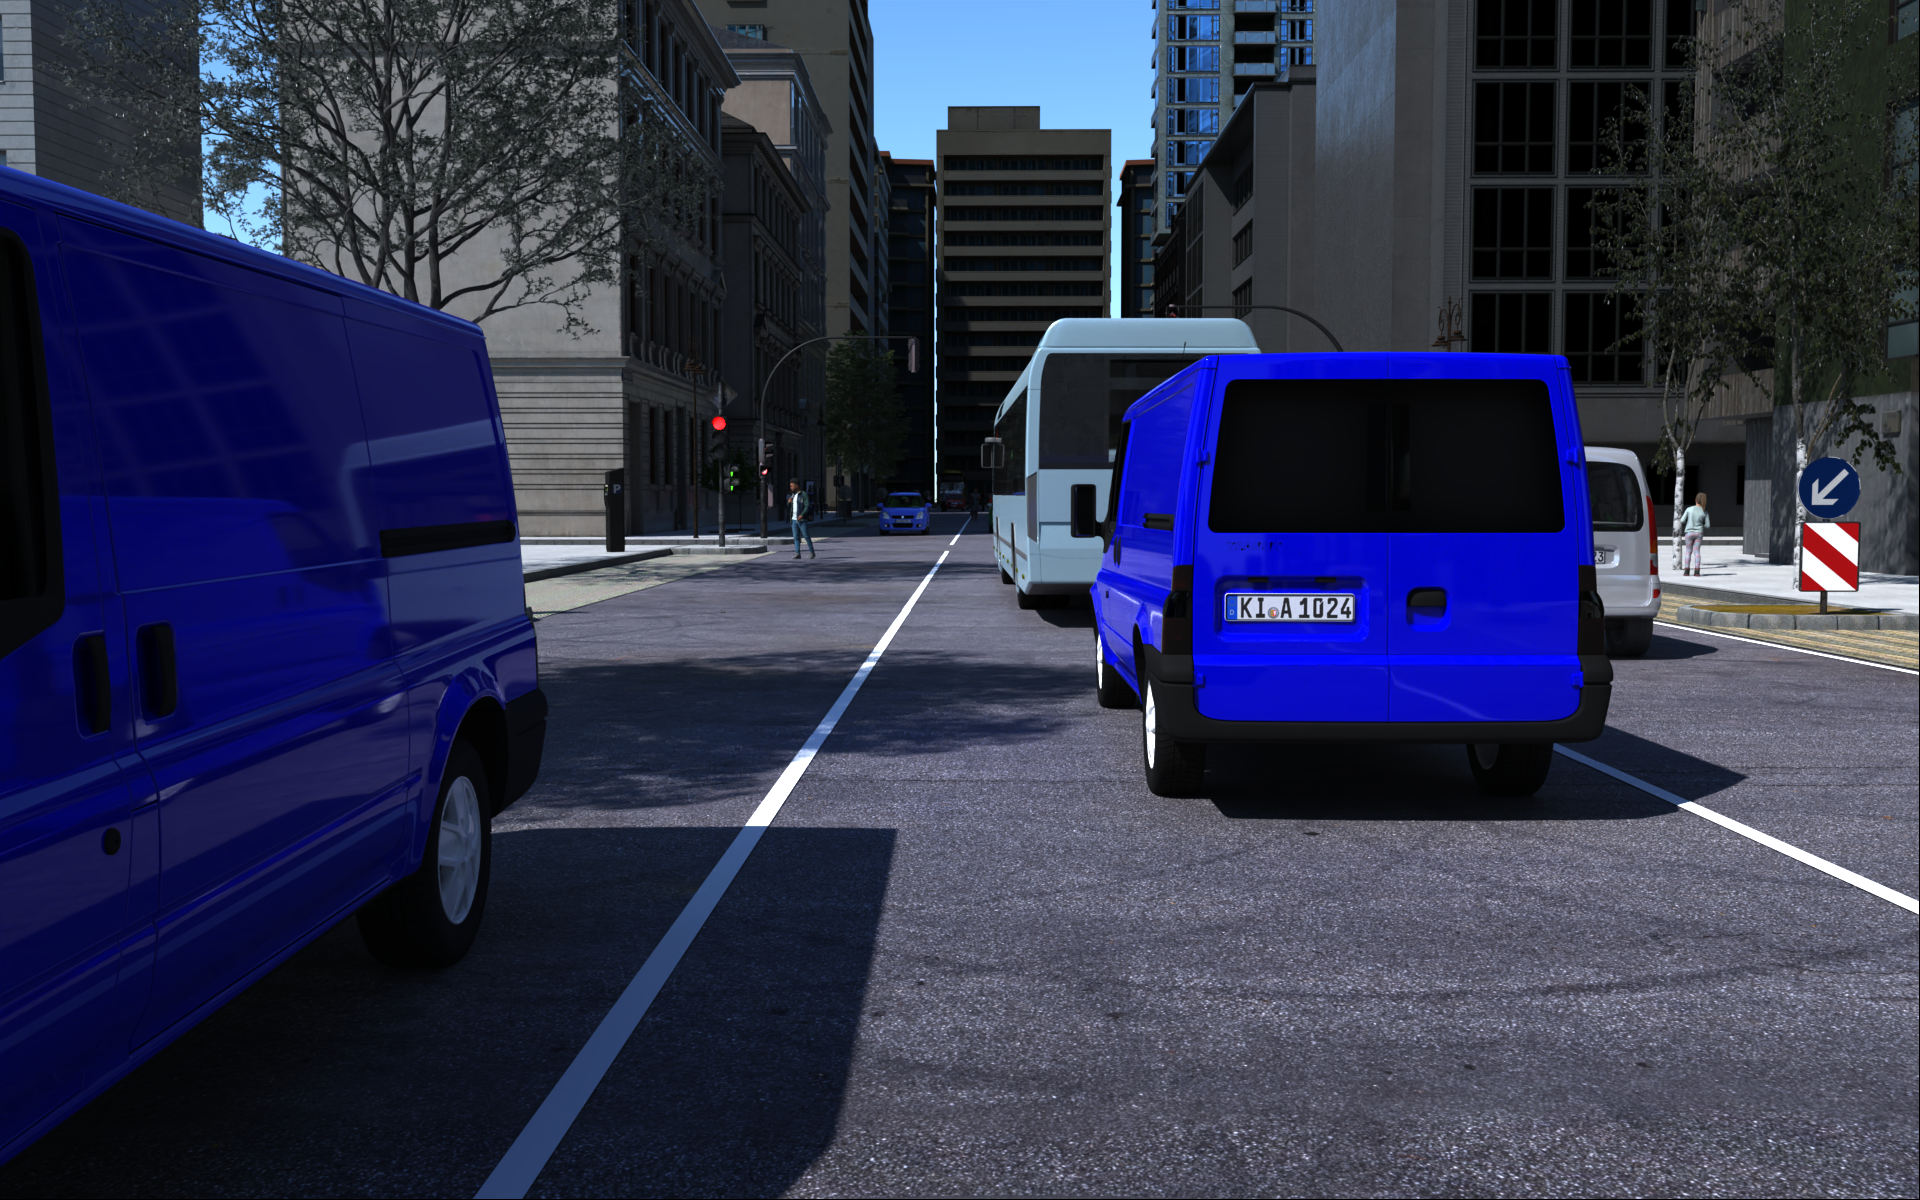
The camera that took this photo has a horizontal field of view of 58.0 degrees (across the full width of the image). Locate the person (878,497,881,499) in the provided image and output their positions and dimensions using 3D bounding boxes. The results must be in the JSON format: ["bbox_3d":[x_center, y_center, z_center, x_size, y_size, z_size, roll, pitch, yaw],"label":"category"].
[{"bbox_3d":[-7.787,-9.827,166.580,0.599,1.838,0.709,0,4,8],"label":"person"}]

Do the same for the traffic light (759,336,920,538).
[{"bbox_3d":[-3.555,-4.607,50.000,4.771,5.953,1.251,0,4,1],"label":"traffic light"}]

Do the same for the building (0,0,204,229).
[{"bbox_3d":[-41.716,-17.039,56.079,29.804,29.767,11.434,0,4,1],"label":"building"}]

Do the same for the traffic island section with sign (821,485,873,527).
[{"bbox_3d":[-4.969,-4.086,75.441,1.989,1.847,2.006,0,4,1],"label":"traffic island section with sign"}]

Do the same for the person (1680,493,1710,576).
[{"bbox_3d":[11.464,-1.024,27.058,0.425,1.301,0.394,0,4,3],"label":"person"}]

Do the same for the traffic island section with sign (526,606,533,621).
[{"bbox_3d":[-5.842,-0.643,19.143,1.989,1.847,2.006,0,4,1],"label":"traffic island section with sign"}]

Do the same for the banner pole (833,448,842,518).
[{"bbox_3d":[-6.652,-6.407,94.779,0.401,3.779,0.863,1,4,22],"label":"banner pole"}]

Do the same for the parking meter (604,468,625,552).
[{"bbox_3d":[-7.649,-1.995,38.330,0.399,1.863,0.255,-2,4,-32],"label":"parking meter"}]

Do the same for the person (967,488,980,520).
[{"bbox_3d":[0.743,-5.202,93.910,0.716,1.782,0.532,0,4,4],"label":"person"}]

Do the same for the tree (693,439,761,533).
[{"bbox_3d":[-7.805,-3.856,57.645,1.663,3.219,1.824,0,3,0],"label":"tree"}]

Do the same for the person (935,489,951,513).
[{"bbox_3d":[-1.268,-7.686,134.159,1.348,1.826,0.705,1,4,23],"label":"person"}]

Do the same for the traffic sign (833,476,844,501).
[{"bbox_3d":[-6.703,-5.732,95.848,0.606,2.300,0.079,0,4,6],"label":"traffic sign"}]

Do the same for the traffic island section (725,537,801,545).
[{"bbox_3d":[-5.688,-1.703,50.132,2.009,0.180,2.903,0,4,1],"label":"traffic island section"}]

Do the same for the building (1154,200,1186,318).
[{"bbox_3d":[20.021,-17.572,116.981,12.332,23.373,15.834,0,4,1],"label":"building"}]

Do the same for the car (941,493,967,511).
[{"bbox_3d":[-0.481,-8.272,144.293,2.155,1.783,4.494,0,4,2],"label":"car"}]

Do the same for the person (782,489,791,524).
[{"bbox_3d":[-7.310,-4.002,74.075,0.523,1.515,0.503,-1,4,-23],"label":"person"}]

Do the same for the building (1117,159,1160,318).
[{"bbox_3d":[33.107,-34.541,219.373,28.867,44.769,22.147,0,4,1],"label":"building"}]

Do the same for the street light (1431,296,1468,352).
[{"bbox_3d":[11.439,-4.149,40.620,0.468,5.910,1.993,0,4,1],"label":"street light"}]

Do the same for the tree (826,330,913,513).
[{"bbox_3d":[-7.207,-12.359,120.202,7.486,12.596,7.792,0,3,0],"label":"tree"}]

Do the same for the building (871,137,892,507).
[{"bbox_3d":[-19.516,-30.082,183.726,23.993,40.220,32.217,0,4,1],"label":"building"}]

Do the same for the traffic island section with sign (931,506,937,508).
[{"bbox_3d":[-3.356,-10.505,180.388,1.989,1.847,2.006,0,4,1],"label":"traffic island section with sign"}]

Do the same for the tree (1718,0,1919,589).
[{"bbox_3d":[11.464,-4.437,22.908,4.360,8.622,3.978,0,3,0],"label":"tree"}]

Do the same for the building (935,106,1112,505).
[{"bbox_3d":[7.829,-36.462,219.851,21.600,48.544,21.300,0,4,1],"label":"building"}]

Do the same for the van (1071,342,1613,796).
[{"bbox_3d":[1.841,-0.337,9.888,2.240,2.365,5.245,0,4,1],"label":"van"}]

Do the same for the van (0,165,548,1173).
[{"bbox_3d":[-2.441,0.046,3.639,2.240,2.365,5.245,0,3,0],"label":"van"}]

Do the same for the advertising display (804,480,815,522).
[{"bbox_3d":[-7.030,-4.621,80.768,0.123,1.923,0.974,1,4,19],"label":"advertising display"}]

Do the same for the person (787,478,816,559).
[{"bbox_3d":[-3.539,-1.794,38.184,0.623,1.781,0.721,2,4,30],"label":"person"}]

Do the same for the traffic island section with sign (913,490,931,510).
[{"bbox_3d":[-3.776,-8.801,152.531,1.989,1.847,2.006,0,4,1],"label":"traffic island section with sign"}]

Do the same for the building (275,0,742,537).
[{"bbox_3d":[-14.884,-13.742,60.833,11.583,22.565,21.152,0,4,1],"label":"building"}]

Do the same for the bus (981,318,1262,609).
[{"bbox_3d":[1.906,-1.828,24.745,2.948,3.499,13.247,0,4,-1],"label":"bus"}]

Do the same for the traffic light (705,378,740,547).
[{"bbox_3d":[-5.771,-3.247,42.012,0.839,4.253,0.868,0,4,1],"label":"traffic light"}]

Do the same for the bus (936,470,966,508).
[{"bbox_3d":[-0.753,-11.586,180.983,2.896,3.916,12.252,0,4,2],"label":"bus"}]

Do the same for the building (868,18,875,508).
[{"bbox_3d":[-15.000,-30.846,154.444,14.600,45.320,14.200,0,4,1],"label":"building"}]

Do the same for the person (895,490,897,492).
[{"bbox_3d":[-6.179,-9.889,168.655,0.541,1.710,0.530,-1,4,-14],"label":"person"}]

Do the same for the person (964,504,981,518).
[{"bbox_3d":[0.738,-5.445,103.023,1.012,1.151,0.738,0,4,6],"label":"person"}]

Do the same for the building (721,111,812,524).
[{"bbox_3d":[-13.196,-13.294,81.978,10.561,19.102,19.286,0,4,1],"label":"building"}]

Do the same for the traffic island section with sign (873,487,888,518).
[{"bbox_3d":[-4.548,-5.735,102.393,1.989,1.847,2.006,0,4,1],"label":"traffic island section with sign"}]

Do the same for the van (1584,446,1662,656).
[{"bbox_3d":[5.276,-0.591,16.678,2.013,2.044,4.112,0,4,2],"label":"van"}]

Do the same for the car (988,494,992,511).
[{"bbox_3d":[3.228,-7.406,129.761,2.281,1.827,5.304,0,4,0],"label":"car"}]

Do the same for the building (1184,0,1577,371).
[{"bbox_3d":[20.833,-16.817,94.023,14.314,24.678,30.058,0,4,1],"label":"building"}]

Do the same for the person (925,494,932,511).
[{"bbox_3d":[-2.572,-8.061,143.490,0.799,1.438,0.628,1,4,17],"label":"person"}]

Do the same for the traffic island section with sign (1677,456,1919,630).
[{"bbox_3d":[9.081,-0.639,19.070,1.989,1.847,2.006,0,4,1],"label":"traffic island section with sign"}]

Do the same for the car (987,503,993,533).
[{"bbox_3d":[1.982,-3.460,65.368,1.959,1.807,4.718,0,4,1],"label":"car"}]

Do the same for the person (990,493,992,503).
[{"bbox_3d":[2.206,-6.224,110.596,0.599,1.781,0.374,0,4,-1],"label":"person"}]

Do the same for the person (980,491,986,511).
[{"bbox_3d":[1.825,-8.209,143.539,0.721,1.723,1.217,2,4,28],"label":"person"}]

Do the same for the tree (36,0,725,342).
[{"bbox_3d":[-8.775,-7.156,27.365,12.009,13.543,11.850,0,3,0],"label":"tree"}]

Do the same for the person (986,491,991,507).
[{"bbox_3d":[3.319,-11.137,191.295,1.217,1.736,0.721,2,4,27],"label":"person"}]

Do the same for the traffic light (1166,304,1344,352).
[{"bbox_3d":[7.296,-4.099,41.686,4.771,5.953,1.251,0,4,1],"label":"traffic light"}]

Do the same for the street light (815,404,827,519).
[{"bbox_3d":[-7.112,-7.099,88.862,0.468,5.910,1.993,0,4,1],"label":"street light"}]

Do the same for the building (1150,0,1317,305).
[{"bbox_3d":[25.559,-51.352,152.278,22.319,86.520,31.000,0,4,1],"label":"building"}]

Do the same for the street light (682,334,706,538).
[{"bbox_3d":[-7.690,-4.739,50.272,0.468,5.910,1.993,0,4,1],"label":"street light"}]

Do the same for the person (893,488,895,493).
[{"bbox_3d":[-6.144,-9.472,160.993,0.705,1.814,1.350,1,4,22],"label":"person"}]

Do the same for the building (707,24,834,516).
[{"bbox_3d":[-14.916,-19.315,101.701,13.634,28.700,20.117,0,4,1],"label":"building"}]

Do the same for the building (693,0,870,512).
[{"bbox_3d":[-18.547,-31.358,136.404,21.300,48.544,21.600,0,4,1],"label":"building"}]

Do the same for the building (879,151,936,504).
[{"bbox_3d":[-17.413,-34.555,219.599,28.867,44.769,22.147,0,4,1],"label":"building"}]

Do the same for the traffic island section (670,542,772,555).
[{"bbox_3d":[-5.811,-1.215,42.148,2.009,0.180,2.903,0,4,1],"label":"traffic island section"}]

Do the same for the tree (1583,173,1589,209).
[{"bbox_3d":[12.358,-4.813,29.057,4.360,8.622,3.978,0,3,0],"label":"tree"}]

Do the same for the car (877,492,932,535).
[{"bbox_3d":[-1.952,-3.166,61.352,1.945,1.707,3.694,0,4,0],"label":"car"}]

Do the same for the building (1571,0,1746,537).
[{"bbox_3d":[27.877,-14.528,56.607,30.058,24.678,14.314,0,4,1],"label":"building"}]

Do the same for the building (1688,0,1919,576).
[{"bbox_3d":[21.990,-15.984,33.044,14.160,30.474,14.107,0,4,1],"label":"building"}]
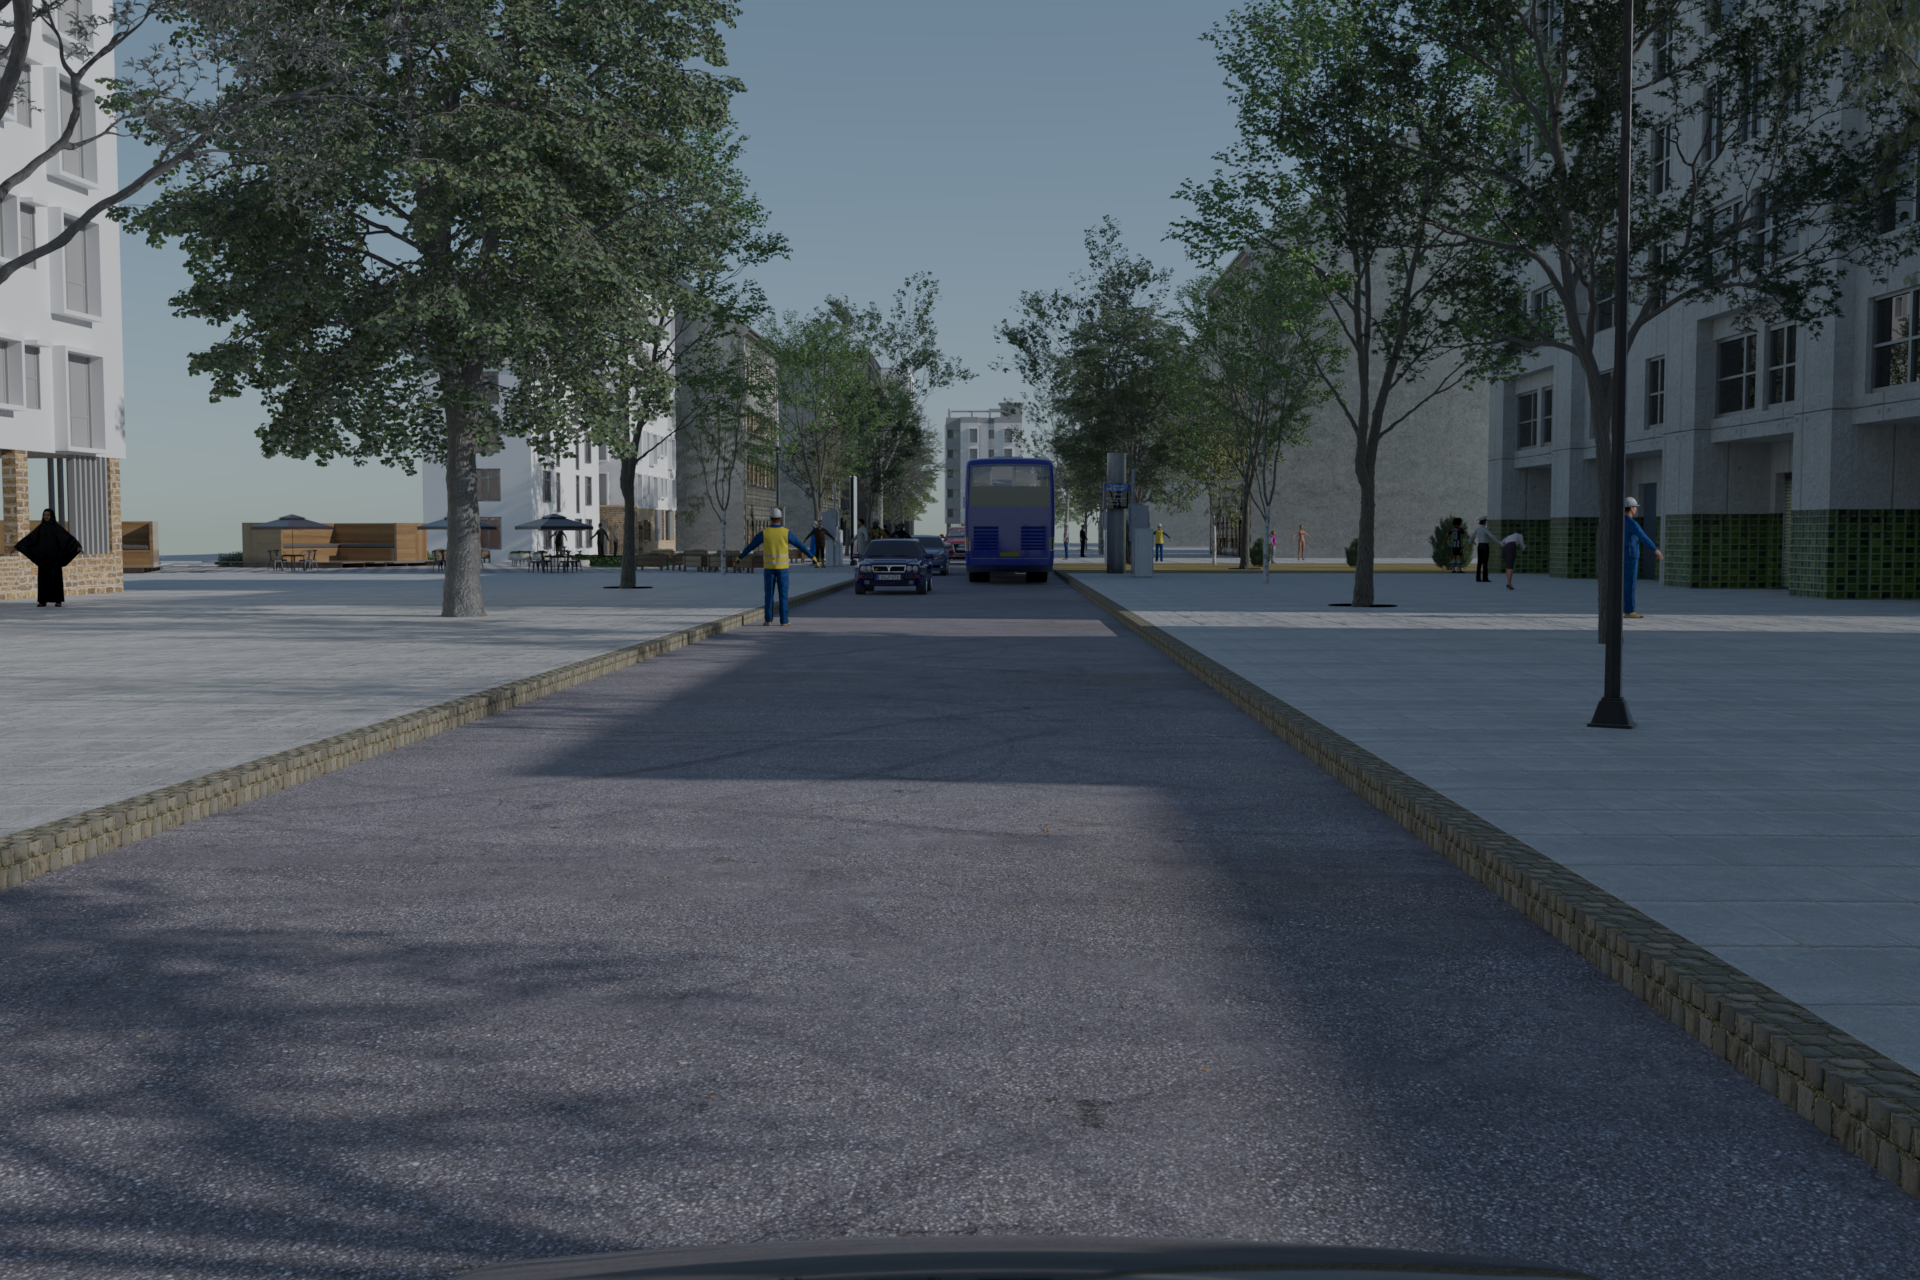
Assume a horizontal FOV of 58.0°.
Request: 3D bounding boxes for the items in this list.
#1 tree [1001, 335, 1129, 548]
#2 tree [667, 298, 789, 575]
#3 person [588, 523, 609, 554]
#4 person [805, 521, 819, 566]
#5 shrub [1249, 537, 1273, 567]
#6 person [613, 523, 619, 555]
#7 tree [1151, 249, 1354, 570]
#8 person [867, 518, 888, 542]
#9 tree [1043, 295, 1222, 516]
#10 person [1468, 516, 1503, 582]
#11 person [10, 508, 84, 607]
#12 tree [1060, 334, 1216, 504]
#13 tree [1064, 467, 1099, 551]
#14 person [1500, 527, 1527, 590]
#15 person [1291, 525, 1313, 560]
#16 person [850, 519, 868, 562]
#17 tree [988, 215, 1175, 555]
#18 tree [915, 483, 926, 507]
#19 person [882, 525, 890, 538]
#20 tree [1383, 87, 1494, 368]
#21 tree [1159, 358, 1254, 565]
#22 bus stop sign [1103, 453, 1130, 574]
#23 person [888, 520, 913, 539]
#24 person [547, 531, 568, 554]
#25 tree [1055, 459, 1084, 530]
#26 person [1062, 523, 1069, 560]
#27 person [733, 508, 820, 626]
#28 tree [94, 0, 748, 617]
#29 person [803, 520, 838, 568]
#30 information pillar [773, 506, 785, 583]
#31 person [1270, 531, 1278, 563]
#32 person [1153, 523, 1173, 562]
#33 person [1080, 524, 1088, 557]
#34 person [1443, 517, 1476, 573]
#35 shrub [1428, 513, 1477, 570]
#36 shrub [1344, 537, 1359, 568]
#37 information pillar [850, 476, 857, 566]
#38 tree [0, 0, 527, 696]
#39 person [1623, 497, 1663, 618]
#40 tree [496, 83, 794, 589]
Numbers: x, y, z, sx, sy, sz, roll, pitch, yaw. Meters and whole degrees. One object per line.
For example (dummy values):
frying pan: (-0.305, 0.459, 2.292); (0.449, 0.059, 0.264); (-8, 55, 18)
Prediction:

* * *

◆ What to produce
The lines from the one containing "Numbers: x, y, z, sx, sy, sz, roll, pitch, yaw." through the last line of the material above are to be copied exactly, both ends included.

◆ Solution to the exercise
Numbers: x, y, z, sx, sy, sz, roll, pitch, yaw. Meters and whole degrees. One object per line.
For example (dummy values):
frying pan: (-0.305, 0.459, 2.292); (0.449, 0.059, 0.264); (-8, 55, 18)
Prediction:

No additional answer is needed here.